Instagram Head Calls Out Camera Companies for Going in the Wrong Direction
Briefly

Instagram Head Calls Out Camera Companies for Going in the Wrong Direction
""The camera companies are betting on the wrong aesthetic," he says. "They're competing to make everyone look like a professional photographer from the past. Every year we see phone cameras boast about more megapixels and image processing. We are romanticising the past. Portrait mode is artificially blurring the background of a photograph to reproduce the soft glow you get from the shallow depth of field of a fixed lens. It looks good, and we like to look good.""
""But flattering imagery is cheap to produce and boring to consume," he continues. "People want content that feels real. We are going to see a significant acceleration of a more raw aesthetic over the next few years. Savvy creators are going to lean into explicitly unproduced and unflattering images of themselves.""
""People largely stopped sharing personal moments to feed years ago," he continues. "Stories are alive and well as they provide a less pressurized way to share with your followers, but the primary way people share, even photos and videos, is in DMs.""
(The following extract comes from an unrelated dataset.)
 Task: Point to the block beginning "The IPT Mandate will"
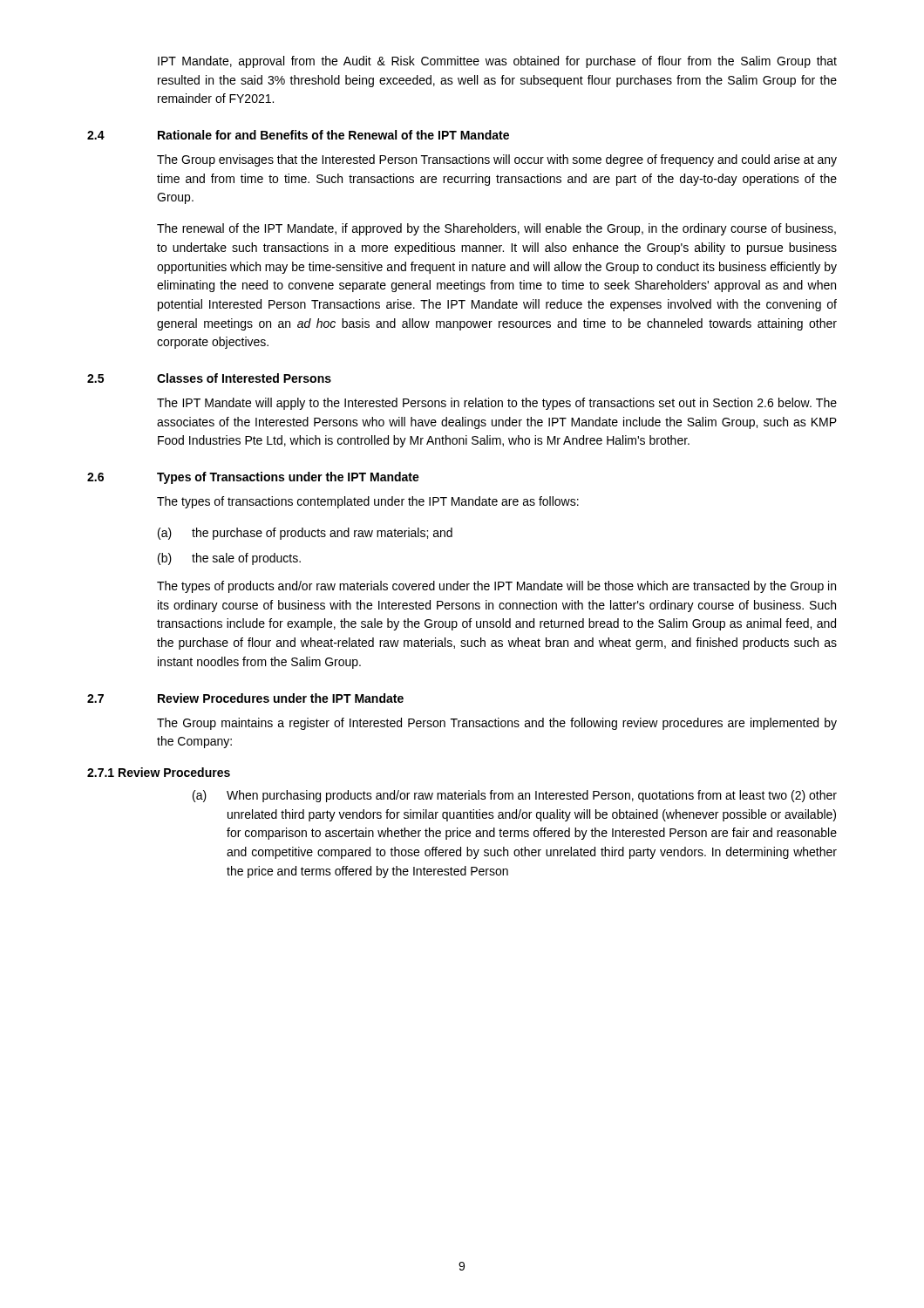[x=497, y=422]

AI can generate photographs and videos indistinguishable from captured media. The polished Instagram feed—square photos with makeup, skin smoothing, high contrast, and scenic landscapes—has declined as people stopped sharing personal moments there. Stories and DMs have become the primary spaces for casual and private sharing. Camera manufacturers continue to pursue higher megapixels, advanced image processing, and portrait-mode blur to mimic professional optics, favoring flattering, romanticized imagery. Flattering imagery is easy and increasingly boring. Audiences prefer content that feels real, and a shift toward a raw, unproduced aesthetic is expected, with creators embracing unflattering authenticity.